Why – it seems a paradox, almost a mystery, why did the Party, having achieved so much control on for example the political apparatus, trying to wipe out religion, the old bourgeois classes and so on. Why was this ambition for total control so?

The desire of the communists in Eastern Europe since 1948 not to limit themselves with strong influence but to desire the total control of all aspects of society, was a product of Stalinism. Stalinism implies total control, not, it's not enough to determine policy, to influence policy, to work together with other groups, no, total control of the economy, politics, armed forces, foreign policy, social problems, ideology, culture, total control, nothing less. This was Stalinism now imported from the Soviet Union into the countries of Eastern Europe.

Was this, did Marxism-Leninism play a role in this, or was it simply the peculiar characteristic of Stalin's reign that influenced the Communist Party?

It was the peculiar characteristics of Stalinism, justified with Marxism-Leninism with a somewhat falsified Marxism-Leninism.

Can I now turn to the Tito Stalin dispute, I wonder if you could tell us what that dispute really was about and what its implications were for the Communist parties elsewhere in Central Europe?

The Tito-Stalin break in many western books is described as a struggle between Yugoslav nationalism and Moscow international communism. There is hardly any statement with which I disagree as much as with this primitive and wrong statement. The reality was, it was a struggle between Moscow's hegemonial control and the desire of honest communists in East Germany, Czechoslovakia, Poland, Hungary, Rumania, Bulgaria and Yugoslavia, to go their own way. Not because they were nationalist, but because they wanted to go their own way in order to look for a new model. For creating a socialist system which – what we thought at that time would embody both the correct tenets of Marxism-Leninism and avoid the horrors we all knew existed in Stalin's Soviet Union – the search for a new model. And that was the essence of the Soviet Yugoslav break in 1948, and that is why so many non-Yugoslavs, like me in East Berlin, were so favourable towards this big desire of the Yugoslavs to break the Moscow chain and to go an own way and create maybe a model of a socialist society, without personality cult, without collectivisation, without mass repressions, without purges, without the predominance of the secret police, to create a kind of better socialism, and that was the hope many people had in East Germany, Czechoslovakia, Poland, Bulgaria, Rumania, Hungary.
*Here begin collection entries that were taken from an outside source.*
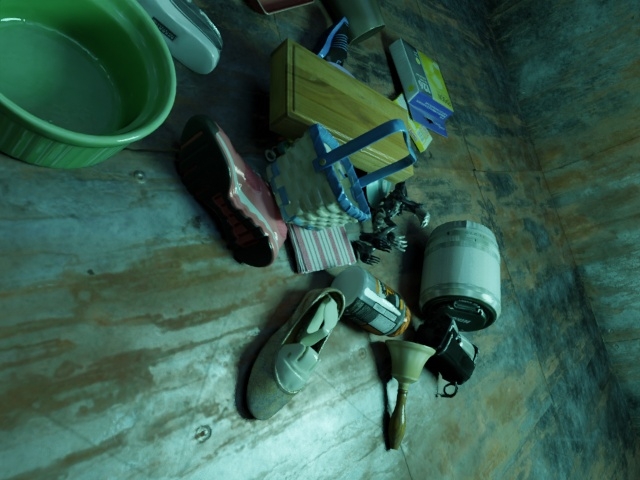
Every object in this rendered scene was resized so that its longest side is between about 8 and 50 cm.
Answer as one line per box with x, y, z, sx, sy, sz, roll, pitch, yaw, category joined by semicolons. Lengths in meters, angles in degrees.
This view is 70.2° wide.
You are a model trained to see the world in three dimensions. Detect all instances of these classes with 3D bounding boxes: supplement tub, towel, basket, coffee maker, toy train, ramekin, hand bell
0.120;0.151;1.075;0.190;0.116;0.117;35;50;-32;supplement tub
0.000;0.000;1.082;0.196;0.029;0.144;-7;76;-48;towel
0.101;-0.752;1.427;0.204;0.154;0.227;-36;104;-48;basket
0.051;-0.140;0.934;0.254;0.288;0.201;24;48;-72;basket
0.338;0.306;1.224;0.178;0.120;0.171;44;44;-35;coffee maker
-0.051;-0.174;1.086;0.166;0.046;0.125;49;44;-21;toy train
-0.390;-0.256;0.681;0.303;0.148;0.304;21;59;-40;ramekin
0.197;0.373;1.093;0.126;0.126;0.242;27;68;-37;hand bell

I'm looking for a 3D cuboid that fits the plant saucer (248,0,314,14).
-0.158;-0.725;1.212;0.259;0.047;0.258;56;42;-12;plant saucer

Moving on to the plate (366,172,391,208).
0.172;-0.181;1.274;0.188;0.024;0.188;-35;130;-57;plate

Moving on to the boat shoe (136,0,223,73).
-0.312;-0.470;0.892;0.301;0.108;0.102;37;49;-34;boat shoe

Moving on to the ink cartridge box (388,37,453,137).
0.394;-0.562;1.698;0.303;0.072;0.308;2;67;-52;ink cartridge box

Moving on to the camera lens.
0.404;0.109;1.319;0.219;0.219;0.275;39;48;-29;camera lens

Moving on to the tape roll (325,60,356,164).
0.040;-0.331;1.221;0.274;0.090;0.275;21;60;-39;tape roll

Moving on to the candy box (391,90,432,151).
0.325;-0.421;1.610;0.206;0.027;0.105;55;39;-15;candy box

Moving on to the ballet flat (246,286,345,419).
-0.037;0.202;0.893;0.108;0.106;0.316;49;44;-20;ballet flat

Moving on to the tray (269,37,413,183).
0.065;-0.297;1.104;0.410;0.076;0.203;15;64;-38;tray

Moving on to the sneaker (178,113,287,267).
-0.166;-0.102;0.907;0.314;0.115;0.136;63;30;-15;sneaker

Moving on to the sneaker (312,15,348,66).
0.042;-0.562;1.336;0.090;0.081;0.233;44;53;-29;sneaker

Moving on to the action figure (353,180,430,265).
0.201;-0.045;1.220;0.140;0.164;0.276;34;51;8;action figure
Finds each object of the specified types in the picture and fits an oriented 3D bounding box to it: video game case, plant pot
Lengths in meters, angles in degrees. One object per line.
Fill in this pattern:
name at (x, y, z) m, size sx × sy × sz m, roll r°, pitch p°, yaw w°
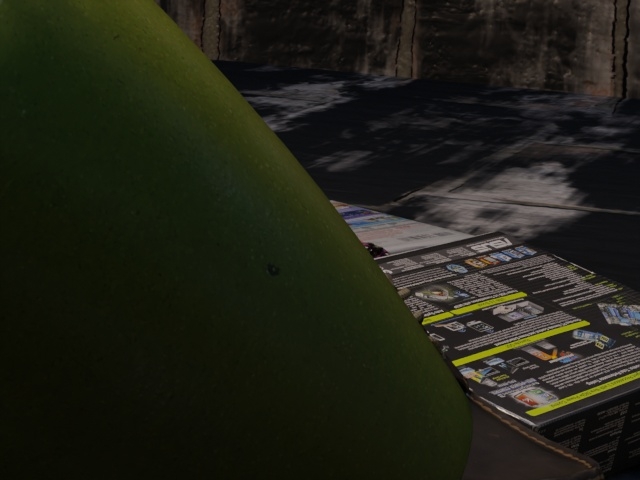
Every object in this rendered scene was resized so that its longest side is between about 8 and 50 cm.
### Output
video game case at (0.000, 0.000, 1.741) m, size 0.212 × 0.023 × 0.193 m, roll -9°, pitch 17°, yaw -42°
plant pot at (-0.085, 0.043, 0.870) m, size 0.293 × 0.275 × 0.275 m, roll 35°, pitch 3°, yaw -17°

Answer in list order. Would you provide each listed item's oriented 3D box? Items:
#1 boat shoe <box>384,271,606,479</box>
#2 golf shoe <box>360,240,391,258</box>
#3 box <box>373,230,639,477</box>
boat shoe at (-0.001, 0.085, 1.057) m, size 0.355 × 0.130 × 0.132 m, roll 13°, pitch 15°, yaw 40°
golf shoe at (-0.021, 0.032, 1.466) m, size 0.186 × 0.067 × 0.086 m, roll -9°, pitch 15°, yaw -44°
box at (0.116, 0.073, 1.228) m, size 0.216 × 0.060 × 0.270 m, roll 25°, pitch 23°, yaw 33°
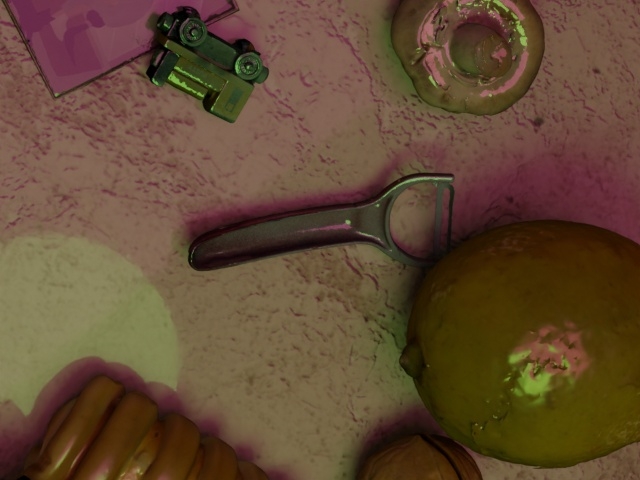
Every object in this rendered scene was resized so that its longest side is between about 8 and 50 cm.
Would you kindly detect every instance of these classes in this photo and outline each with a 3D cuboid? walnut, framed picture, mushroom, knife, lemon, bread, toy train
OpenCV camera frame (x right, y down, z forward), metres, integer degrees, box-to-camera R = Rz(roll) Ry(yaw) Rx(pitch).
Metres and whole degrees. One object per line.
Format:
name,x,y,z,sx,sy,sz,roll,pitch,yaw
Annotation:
walnut,0.103,0.286,1.289,0.144,0.144,0.180,1,96,-17
framed picture,-0.193,-0.237,1.162,0.201,0.010,0.136,-28,107,-10
mushroom,0.146,-0.196,1.218,0.154,0.122,0.154,-4,108,-13
knife,-0.001,-0.001,1.246,0.278,0.053,0.123,-7,115,-15
lemon,0.228,0.102,1.234,0.284,0.260,0.260,19,94,-18
bread,-0.142,0.271,1.213,0.311,0.121,0.173,34,86,-17
toy train,-0.110,-0.169,1.177,0.122,0.050,0.081,25,103,-26

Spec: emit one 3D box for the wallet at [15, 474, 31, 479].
wallet,-0.355,0.357,1.154,0.318,0.045,0.172,-29,109,12
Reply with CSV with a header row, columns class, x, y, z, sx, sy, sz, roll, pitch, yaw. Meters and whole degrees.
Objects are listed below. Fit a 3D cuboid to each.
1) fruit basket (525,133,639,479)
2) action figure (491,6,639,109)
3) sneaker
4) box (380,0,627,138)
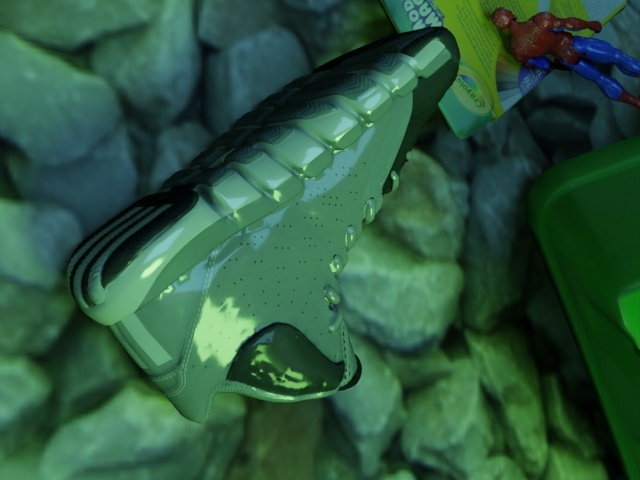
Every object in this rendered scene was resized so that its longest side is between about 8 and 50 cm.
class,x,y,z,sx,sy,sz,roll,pitch,yaw
fruit basket,0.323,-0.008,0.596,0.392,0.392,0.282,-28,100,-34
action figure,0.147,-0.107,0.571,0.115,0.038,0.030,18,48,-20
sneaker,0.000,0.000,0.489,0.229,0.086,0.132,-38,111,-22
box,0.105,-0.142,0.597,0.179,0.043,0.105,-41,108,-34
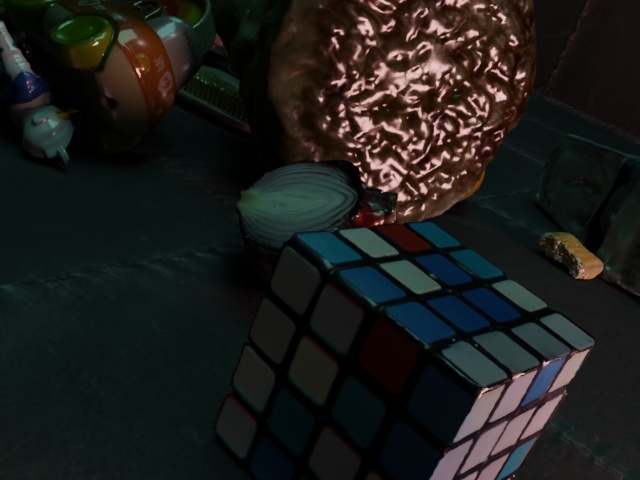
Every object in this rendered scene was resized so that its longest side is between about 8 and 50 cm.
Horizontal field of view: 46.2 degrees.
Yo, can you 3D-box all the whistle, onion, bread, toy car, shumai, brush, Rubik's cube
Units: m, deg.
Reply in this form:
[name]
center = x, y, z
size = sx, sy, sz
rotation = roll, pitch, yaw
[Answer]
[whistle]
center = 0.465, -0.037, 1.117
size = 0.188, 0.168, 0.404
rotation = 0, 26, -44
[onion]
center = 0.000, 0.000, 0.703
size = 0.151, 0.098, 0.206
rotation = -2, 28, 9
[bread]
center = 0.355, 0.021, 1.060
size = 0.070, 0.035, 0.083
rotation = -3, 39, -44
[toy car]
center = -0.219, -0.232, 0.871
size = 0.235, 0.145, 0.235
rotation = -3, 46, 3
[shumai]
center = 0.043, -0.224, 0.958
size = 0.394, 0.395, 0.348
rotation = 10, 10, -25
[brush]
center = -0.079, -0.175, 1.086
size = 0.312, 0.067, 0.072
rotation = 30, 23, 15
[Rubik's cube]
center = 0.050, 0.092, 0.478
size = 0.154, 0.155, 0.151
rotation = -6, 37, -47

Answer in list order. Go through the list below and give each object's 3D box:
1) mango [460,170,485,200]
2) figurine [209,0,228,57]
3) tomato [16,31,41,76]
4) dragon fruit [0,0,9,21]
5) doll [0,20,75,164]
[mango]
center = 0.179, -0.125, 1.161
size = 0.136, 0.099, 0.227
rotation = 9, 16, -12
[figurine]
center = -0.238, -0.402, 1.354
size = 0.308, 0.143, 0.308
rotation = 4, 12, -1
[tomato]
center = -0.340, -0.268, 1.029
size = 0.139, 0.091, 0.159
rotation = 3, 26, -39
[dragon fruit]
center = -0.516, -0.419, 1.121
size = 0.200, 0.198, 0.269
rotation = 29, 36, -8
[doll]
center = -0.323, -0.165, 0.800
size = 0.057, 0.114, 0.227
rotation = -25, 73, -30
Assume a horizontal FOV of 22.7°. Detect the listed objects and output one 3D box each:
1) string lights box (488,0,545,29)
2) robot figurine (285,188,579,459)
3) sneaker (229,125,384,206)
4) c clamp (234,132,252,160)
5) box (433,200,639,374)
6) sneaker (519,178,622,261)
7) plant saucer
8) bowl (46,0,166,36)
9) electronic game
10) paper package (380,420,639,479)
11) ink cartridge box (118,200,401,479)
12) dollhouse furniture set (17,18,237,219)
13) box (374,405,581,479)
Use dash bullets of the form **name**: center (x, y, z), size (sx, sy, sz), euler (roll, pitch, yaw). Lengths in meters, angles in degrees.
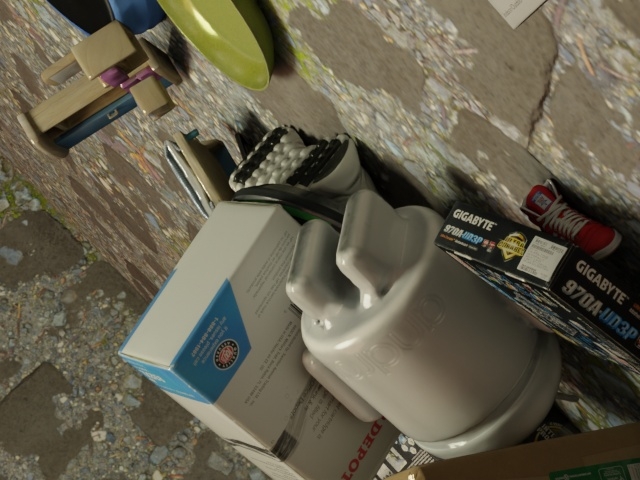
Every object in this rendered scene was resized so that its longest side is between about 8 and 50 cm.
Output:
- **string lights box**: center (0.092, -0.281, 1.097), size (0.260, 0.077, 0.133), euler (48, 167, 0)
- **robot figurine**: center (0.120, 0.103, 1.714), size (0.300, 0.200, 0.353), euler (-29, 121, 36)
- **sneaker**: center (-0.017, -0.065, 1.950), size (0.118, 0.110, 0.292), euler (45, 169, -25)
- **c clamp**: center (-0.074, -0.074, 2.147), size (0.137, 0.022, 0.161), euler (52, -171, -34)
- **box**: center (0.234, 0.054, 1.483), size (0.220, 0.051, 0.175), euler (35, 175, -33)
- **sneaker**: center (0.225, -0.019, 1.464), size (0.067, 0.042, 0.118), euler (50, 168, -20)
- **plant saucer**: center (-0.129, -0.277, 1.834), size (0.241, 0.037, 0.241), euler (44, 166, 14)
- **bowl**: center (-0.353, -0.416, 2.048), size (0.391, 0.077, 0.391), euler (44, 165, 15)
- **electronic game**: center (0.000, 0.000, 1.865), size (0.229, 0.048, 0.229), euler (24, 164, 7)
- **paper package**: center (0.181, 0.327, 1.725), size (0.309, 0.325, 0.168), euler (-37, 62, 56)
- **ink cartridge box**: center (-0.041, 0.133, 1.835), size (0.307, 0.223, 0.129), euler (43, 159, -30)
- **dollhouse furniture set**: center (-0.233, -0.086, 2.078), size (0.303, 0.198, 0.286), euler (58, -174, 7)
- **box**: center (0.155, 0.259, 2.104), size (0.318, 0.097, 0.395), euler (47, 150, 11)
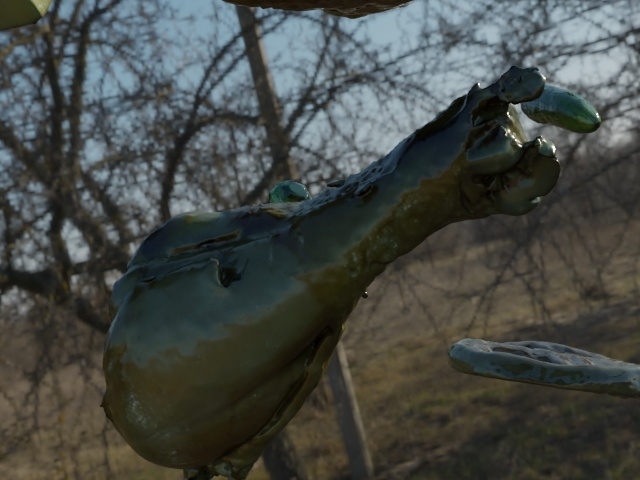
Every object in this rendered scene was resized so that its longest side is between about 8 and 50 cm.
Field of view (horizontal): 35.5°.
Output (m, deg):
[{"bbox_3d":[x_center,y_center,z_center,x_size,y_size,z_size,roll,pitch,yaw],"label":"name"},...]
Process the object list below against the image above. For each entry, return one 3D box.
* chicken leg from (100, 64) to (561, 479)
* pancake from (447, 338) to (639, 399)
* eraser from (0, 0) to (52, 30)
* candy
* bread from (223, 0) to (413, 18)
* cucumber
[{"bbox_3d":[0.001,0.022,0.761,0.429,0.201,0.153,-35,-23,13],"label":"chicken leg"},{"bbox_3d":[0.311,0.159,1.229,0.294,0.049,0.294,9,-2,0],"label":"pancake"},{"bbox_3d":[-0.379,-0.334,1.245,0.117,0.172,0.058,-5,-42,19],"label":"eraser"},{"bbox_3d":[0.000,0.002,2.062,0.097,0.323,0.097,-29,-28,-17],"label":"candy"},{"bbox_3d":[-0.025,-0.317,0.918,0.314,0.191,0.370,-9,-25,19],"label":"bread"},{"bbox_3d":[0.316,-0.183,1.361,0.056,0.056,0.250,-14,15,-7],"label":"cucumber"}]
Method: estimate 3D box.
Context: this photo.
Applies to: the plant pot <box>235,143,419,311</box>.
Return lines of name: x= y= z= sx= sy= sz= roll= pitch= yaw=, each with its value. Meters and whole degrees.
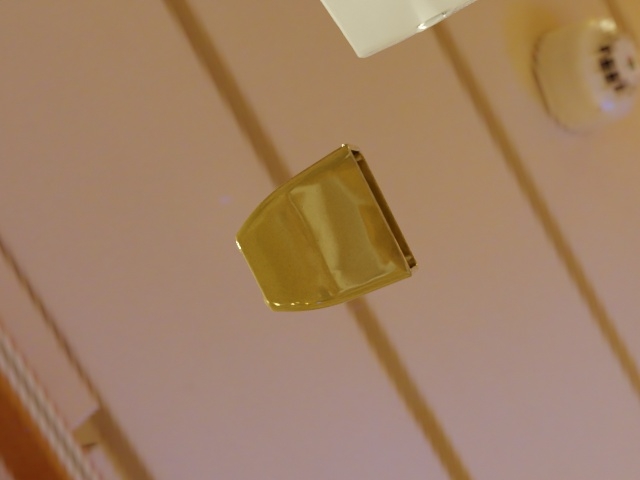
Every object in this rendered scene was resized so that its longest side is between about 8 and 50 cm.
plant pot: x=0.000 y=0.000 z=0.993 sx=0.081 sy=0.083 sz=0.081 roll=64 pitch=-173 yaw=1

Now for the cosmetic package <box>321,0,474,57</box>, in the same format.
cosmetic package: x=0.021 y=-0.344 z=1.249 sx=0.156 sy=0.217 sz=0.385 roll=-41 pitch=-78 yaw=-28
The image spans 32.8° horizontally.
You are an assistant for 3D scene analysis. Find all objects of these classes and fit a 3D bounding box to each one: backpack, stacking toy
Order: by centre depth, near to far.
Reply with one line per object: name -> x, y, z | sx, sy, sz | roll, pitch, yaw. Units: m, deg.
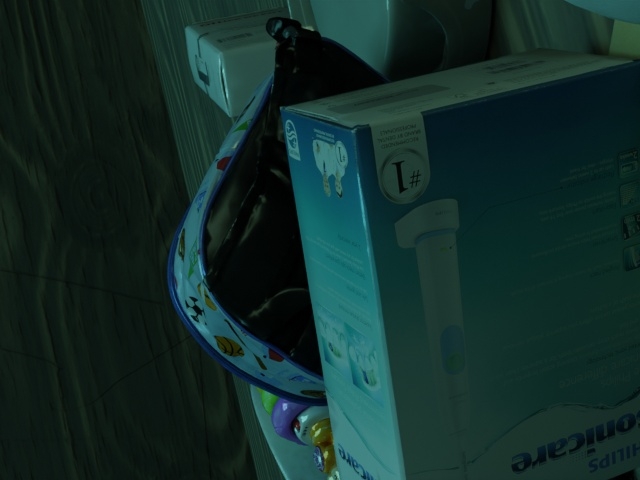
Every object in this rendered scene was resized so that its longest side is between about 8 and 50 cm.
backpack -> 0.000, 0.000, 0.916 | 0.276, 0.263, 0.213 | 34, 147, -4
stacking toy -> -0.004, 0.152, 1.135 | 0.175, 0.165, 0.302 | 109, 151, -42

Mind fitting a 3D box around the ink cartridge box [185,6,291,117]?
ink cartridge box -> -0.082, -0.246, 1.465 | 0.218, 0.158, 0.092 | -130, 30, -62

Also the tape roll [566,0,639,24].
tape roll -> 0.161, -0.218, 0.395 | 0.169, 0.246, 0.246 | 159, 98, -76

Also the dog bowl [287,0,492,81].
dog bowl -> 0.054, -0.268, 1.043 | 0.349, 0.102, 0.349 | 166, 90, -75

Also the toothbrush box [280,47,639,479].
toothbrush box -> 0.112, 0.034, 0.756 | 0.126, 0.216, 0.295 | -152, 49, -64

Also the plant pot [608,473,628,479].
plant pot -> 0.170, 0.238, 0.917 | 0.180, 0.201, 0.201 | 66, 171, -25

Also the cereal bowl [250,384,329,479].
cereal bowl -> 0.059, 0.271, 1.323 | 0.339, 0.141, 0.339 | 59, -176, -7

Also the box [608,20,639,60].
box -> 0.232, -0.042, 0.728 | 0.164, 0.021, 0.201 | -118, 20, -46

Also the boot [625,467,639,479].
boot -> 0.262, 0.207, 0.810 | 0.087, 0.042, 0.118 | -168, 67, -81
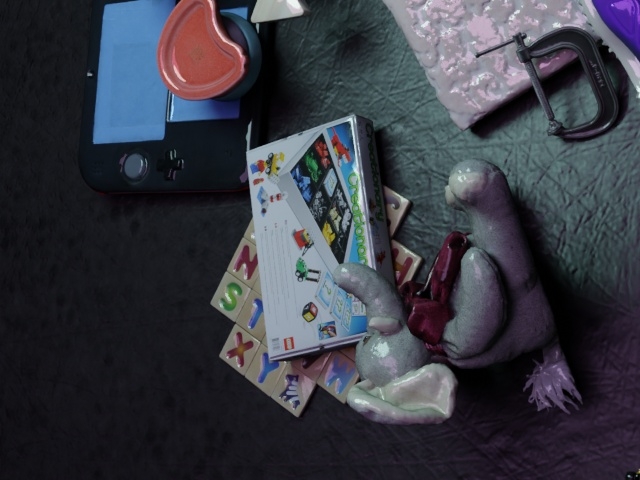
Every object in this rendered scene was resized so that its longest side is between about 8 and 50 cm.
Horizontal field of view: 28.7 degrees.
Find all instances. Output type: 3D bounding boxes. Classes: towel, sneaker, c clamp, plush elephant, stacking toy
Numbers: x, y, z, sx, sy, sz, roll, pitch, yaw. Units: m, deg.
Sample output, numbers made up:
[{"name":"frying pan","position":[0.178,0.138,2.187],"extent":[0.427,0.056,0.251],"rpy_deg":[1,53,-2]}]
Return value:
[{"name":"towel","position":[0.220,-0.353,1.566],"extent":[0.317,0.053,0.332],"rpy_deg":[-30,87,28]},{"name":"sneaker","position":[0.404,-0.234,1.395],"extent":[0.146,0.102,0.293],"rpy_deg":[-34,80,43]},{"name":"c clamp","position":[0.288,-0.193,1.541],"extent":[0.137,0.022,0.160],"rpy_deg":[-27,96,23]},{"name":"plush elephant","position":[0.136,0.088,1.490],"extent":[0.255,0.272,0.330],"rpy_deg":[-21,95,5]},{"name":"stacking toy","position":[-0.133,-0.367,1.798],"extent":[0.279,0.130,0.309],"rpy_deg":[-26,82,30]}]

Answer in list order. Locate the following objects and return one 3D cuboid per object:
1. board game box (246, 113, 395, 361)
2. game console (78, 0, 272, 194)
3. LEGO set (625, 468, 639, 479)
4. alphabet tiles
[{"name":"board game box","position":[0.000,0.000,1.716],"extent":[0.193,0.053,0.305],"rpy_deg":[-15,74,33]},{"name":"game console","position":[-0.225,-0.262,1.928],"extent":[0.342,0.060,0.386],"rpy_deg":[0,83,35]},{"name":"LEGO set","position":[0.502,0.289,1.292],"extent":[0.331,0.192,0.255],"rpy_deg":[-14,45,29]},{"name":"alphabet tiles","position":[-0.013,0.059,1.756],"extent":[0.285,0.011,0.342],"rpy_deg":[34,102,34]}]

And that's why we were secretly Titoists at that time.

What were the consequences of Stalin's vigorous rejection of this idea of developing alternative models of socialism, what happened in the communist parties in Central Europe after the Yugoslav split?

The Yugoslav break had international consequences, it was not only the expulsion of Yugoslavia from the world communist movement, but a ruthless suppression of any communists in any East European country who was either in favour of Yugoslavia or in favour of a different model (interruption)

What impact did the Tito-Stalin split have on the Communist movement in Central Europe?

The impact was not only that Yugoslavia was expelled from the world communist movement and was now an independent communist ruled country, but there were mass repressions, mass purges, in East Germany, Poland, Czechoslovakia, Hungary, Rumania and Bulgaria, against all communist party members and officials, were sympathetic to Yugoslavia, were dreaming of a different road to socialism, and a different moral of socialism, and even those people were purged, who were suspected of might wishing such a direction. And the mass repression of what was called Titoist at that time, meant that all the communist parties now were much more disciplined and much more Stalinists than before these purges between 1948 and 1950.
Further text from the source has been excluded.